Coordinator
From XtremWebCH Wiki
Contents |
Description
XWCH is a three-tier architecture where the coordinator adds a middle tier between client and workers. There is no direct submission/result transfer between clients and workers. The coordinator accepts execution requests coming from clients, assigns the tasks to the workers according to a scheduling policy and the availability of data, transfers binary codes to workers (if necessary), supervises task execution on workers, detects worker crash/disconnection, re-launches tasks on any other available worker, and controls the transfer traffic on the network to ensure the balancing of bandwidth load.
The coordinator is composed of four services: the workers’ manager, the tasks’ manager, the scheduler and the communication manager.
The Workers’ Manager
The workers’ manager maintains a list of connected workers. It receives four types of common requests/signals from the workers: Register Request (RR), Work Request (WR), Work Alife signal (WA) and Work Result signal (WRS). The Register Request allows a worker to subscribe nearby the coordinator. When the Workers’ Manager receives a Work Request, it searches for the most appropriate task to be assigned to the concerned worker. During the execution of the task, the workers send WA signals to the coordinator to inform about their status. WA signals are considered, by the coordinator, as the “proof” that the workers are still “alive” (connected). When a worker finishes its execution, it sends a Work Result Signal to inform the coordinator about the location of the data it has produced.
The Tasks’ Manager
In XWCH, a parallel and distributed application is composed of a set of communicating tasks. A task is considered to be “ready” for execution if its input data are available (given by the user or produced by a previous task). A task is in “blocked” status if its input data are not yet available. Two lists are maintained by the Tasks’ Manager: blocked tasks and ready tasks. When receiving a Work Result Signal, the Tasks’ Manager checks whether the new available data correspond to input data awaited by one or several blocked tasks; it updates the lists of blocked and ready tasks accordingly.
The Scheduler
A Work Request transmits, as input parameter, the performance that can be delivered by the concerned worker.
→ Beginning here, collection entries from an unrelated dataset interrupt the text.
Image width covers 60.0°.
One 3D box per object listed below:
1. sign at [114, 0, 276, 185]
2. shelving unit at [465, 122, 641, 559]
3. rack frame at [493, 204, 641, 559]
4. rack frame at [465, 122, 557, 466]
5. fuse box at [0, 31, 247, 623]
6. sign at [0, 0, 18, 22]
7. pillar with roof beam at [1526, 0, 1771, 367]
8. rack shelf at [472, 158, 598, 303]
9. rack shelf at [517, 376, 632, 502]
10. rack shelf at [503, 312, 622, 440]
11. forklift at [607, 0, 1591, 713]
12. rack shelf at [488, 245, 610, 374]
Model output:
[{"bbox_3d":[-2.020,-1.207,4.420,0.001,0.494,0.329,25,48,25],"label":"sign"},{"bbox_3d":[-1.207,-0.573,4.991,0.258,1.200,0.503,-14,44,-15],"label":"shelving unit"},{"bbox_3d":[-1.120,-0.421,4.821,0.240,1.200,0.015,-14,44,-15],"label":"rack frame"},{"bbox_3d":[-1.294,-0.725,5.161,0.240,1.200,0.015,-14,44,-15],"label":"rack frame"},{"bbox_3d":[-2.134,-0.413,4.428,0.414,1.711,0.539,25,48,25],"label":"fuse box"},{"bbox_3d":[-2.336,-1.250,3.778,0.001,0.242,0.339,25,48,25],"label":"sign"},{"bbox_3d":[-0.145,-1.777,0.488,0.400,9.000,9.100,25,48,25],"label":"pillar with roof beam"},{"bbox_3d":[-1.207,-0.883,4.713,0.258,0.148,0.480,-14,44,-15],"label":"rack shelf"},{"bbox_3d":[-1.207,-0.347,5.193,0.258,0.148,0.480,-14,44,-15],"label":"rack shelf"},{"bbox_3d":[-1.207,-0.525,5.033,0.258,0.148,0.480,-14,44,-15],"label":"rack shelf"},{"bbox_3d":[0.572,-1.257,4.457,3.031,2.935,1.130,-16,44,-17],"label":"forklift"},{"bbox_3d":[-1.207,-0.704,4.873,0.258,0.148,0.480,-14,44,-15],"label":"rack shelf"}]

When receiving this request, the coordinator launches a scheduler module which selects the “most appropriate” ready task to allocate to that worker.
The Communication Manager
XWCH is supposed to be a Public Large Scale Distributed Platform. It is assumed to be deployed on a “public” network. In this context, the system should insure that the bandwidth provided by the network is not completely consumed by the traffic generated by XWCH: common requests, data transfers, etc. The data transmitted between two XWCH nodes (coordinators, workers, warehouses) are split into fixed size packets. A sleep time separates the transmission of two successive packets. This time depends on the load of the network as sensed by the coordinator: the higher the load the bigger the sleep time. Similarly, the number of competing WR and LS processed by the coordinator is fixed by the communication manager according to the workload of the network as sensed by the coordinator.